Déclaration du collectif pour un audit citoyen de la dette publique 

Nouveau traité européen: pas contre nous, pas sans nous !

Le sommet européen du 9 décembre a décidé d'adopter un nouveau traité européen dès le mois de mars. Ce texte exigera des États qu'ils insèrent dans leur Constitution une « règle d'or » pour la réduction de leur déficit public. En le limitant à 0,5% du PIB en temps normal, cette règle agira comme un carcan d’austérité, empêchant toute politique économique alternative.

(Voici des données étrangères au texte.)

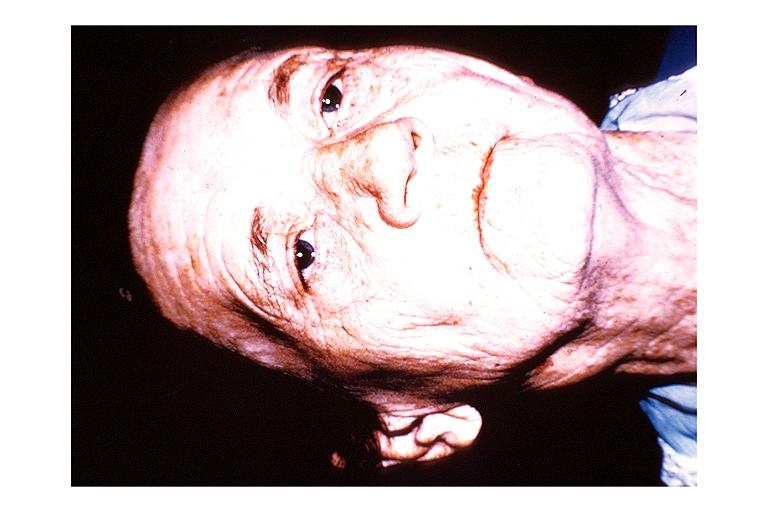what is present?
Answer the question using a single word or phrase. Oral

 Durcir les règles de Maastricht 

Le projet de traité prévoit par ailleurs de durcir les règles qui figuraient déjà dans le Traité de Maastricht puis de Lisbonne, en imposant de lourdes sanctions « immédiates » et « automatiques » aux pays contrevenants. En outre, concernant le stock actuel des dettes publiques, le nouveau traité exclurait toute annulation même partielle pour les pays en difficulté, telle celle concédée récemment dans le cas de la Grèce.  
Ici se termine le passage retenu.